AFTER the average amateur has filmed the antics of the entire family a few times over he finds the problem of what to shoot next looming larger and larger on his horizon. After all, Baby's first step can only be filmed once, and Uncle Charley's famous "Dance of the Seven Veils" can hardly be repeated with its original success. The pictures taken at the beach were a lot of fun — but after the second picnic is filmed, and found to be merely a repetition of the first, both reels are usually laid aside and forgotten, like last year's snapshots. At this stage, the camera is very likely to follow them unless the user finds within himself the key to renewed interest in his hobby. If he finds it, though, there open to him endless new vistas of enjoyment, recreation and knowledge.
And yet this key is no magic talisman, but merely the application of common-sense to cinematography. If random cinematic snapshooting fails to bring lasting satisfaction, it is only logical to expect that perhaps deliberate, planned filming might succeed.
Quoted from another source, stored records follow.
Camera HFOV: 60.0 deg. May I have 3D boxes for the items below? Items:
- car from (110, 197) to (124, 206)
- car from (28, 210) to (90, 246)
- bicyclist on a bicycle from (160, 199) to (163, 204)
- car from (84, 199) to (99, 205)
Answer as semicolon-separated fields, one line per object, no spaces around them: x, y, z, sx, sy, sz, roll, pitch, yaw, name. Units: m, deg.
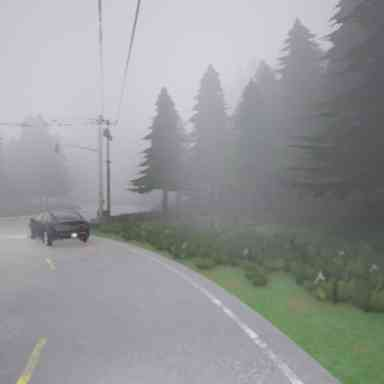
-14.606;1.764;63.544;2.097;1.767;4.553;0;0;-31;car
-6.621;1.650;16.355;1.837;1.490;4.892;0;-1;-38;car
-3.322;1.554;37.540;1.656;1.620;0.582;-4;-1;5;bicyclist on a bicycle
-21.079;2.111;71.138;4.718;1.301;1.895;-1;0;39;car

If purposeless films don't please, films made with a definite purpose should, shouldn't they? And they usually do. In the first place, if they have been carefully planned, they have generally been well enough thought out beforehand to eliminate most non-essential and uninteresting details in advance. In the second place, if they have been made with some definite underlying purpose, they usually bring to the screen enough of that purpose to arouse and hold audience-interest even after many showings. Incidentally, their conception and realization is splendid mental (and physical) exercise, as well.
The Dramatic Subject
Of course, the first subject that comes to mind for such premeditated filming is the dramatic film. It offers a vast and fascinating field of endeavor, but it is usually far beyond the scope of the individual worker. Where there is a group interested in such production, there is nothing more interesting — nor more exacting; but for the individual, it is generally entirely out of the question.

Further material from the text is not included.